Le Haut-commissaire annule la note du maire

Exigeant toujours l’annulation de la note du maire, Abdou Narcisse Guiébré indique que l’unité d’action syndicale, soutenue par les élèves, a organisé une marche sur la mairie le 21 avril. C’est au cours de cette marche, disent-ils, que : « plusieurs camarades ont été poursuivis dans leurs domiciles par la police, où ils ont subi des bastonnades sévères. (…). On enregistre plus d’une trentaine de blessés. Nous avons eu des évacués vers les hôpitaux », a déploré le SG de l’UAS. C’est dans la soirée de cette journée, que le haut-commissaire a signé une note, annulant la décision du maire. Ce qui ne semble pas convenir au maire Jean-Célestin Zouré.

Pour le maire de Garango : « Le haut-commissaire sait là où s’arrêtent ses prérogatives. Les dispositions du code général des collectivités territoriales disposent que le Haut-commissaire peut recadrer un maire quand il sort de la légalité. Dans ce contexte, ce n’est pas le cas, le maire a pris une circulaire pour rappeler aux agents, l’application d’une disposition de loi contenue dans le code de l’enregistrement du timbre ». Et de souligner que : « je me suis empressé d’engager un recours gracieux, lui demandant d’annuler son arrêté dans le délai réglementaire, autrement, je me pourvois devant le tribunal administratif, parce que j’estime aussi que ce qu’il a fait est illégal ».
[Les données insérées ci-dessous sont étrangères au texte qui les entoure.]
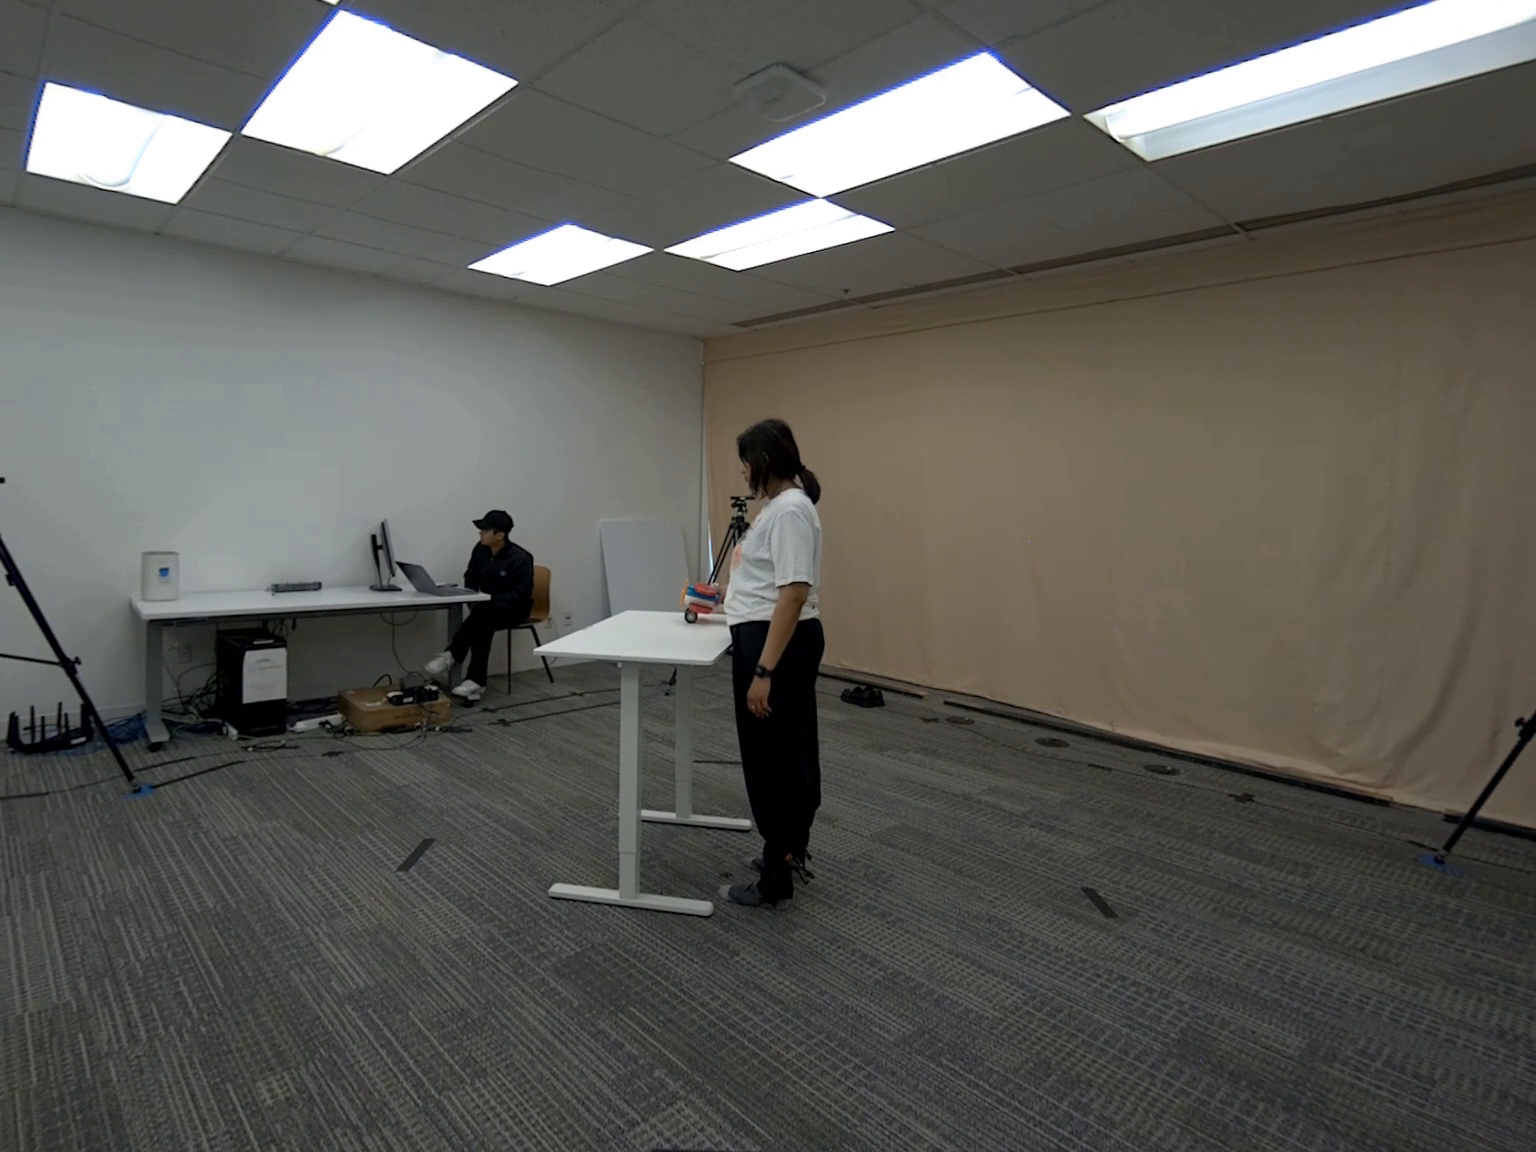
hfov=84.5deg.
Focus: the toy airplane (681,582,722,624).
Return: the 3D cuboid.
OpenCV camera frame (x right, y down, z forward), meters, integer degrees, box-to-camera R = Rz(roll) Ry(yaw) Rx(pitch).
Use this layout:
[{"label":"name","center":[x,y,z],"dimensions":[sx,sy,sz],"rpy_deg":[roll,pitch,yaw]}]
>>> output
[{"label":"toy airplane","center":[-0.239,0.110,3.449],"dimensions":[0.254,0.156,0.257],"rpy_deg":[-2,6,-30]}]

En attendant, le mot d’ordre de grève du SYNATEB a été levé et les enseignants soutiennent avoir initié des cours de rattrapage pour sauver l’année scolaire. Notons que nous avons recueilli la version de l’édile de Garango et des acteurs de l’éducation sur cette crise, dans le cadre d’une tournée du ministère de l’éducation nationale et de l’alphabétisation (MENA) sur les infrastructures scolaires en construction ou en finition, dans la région du Centre-Est.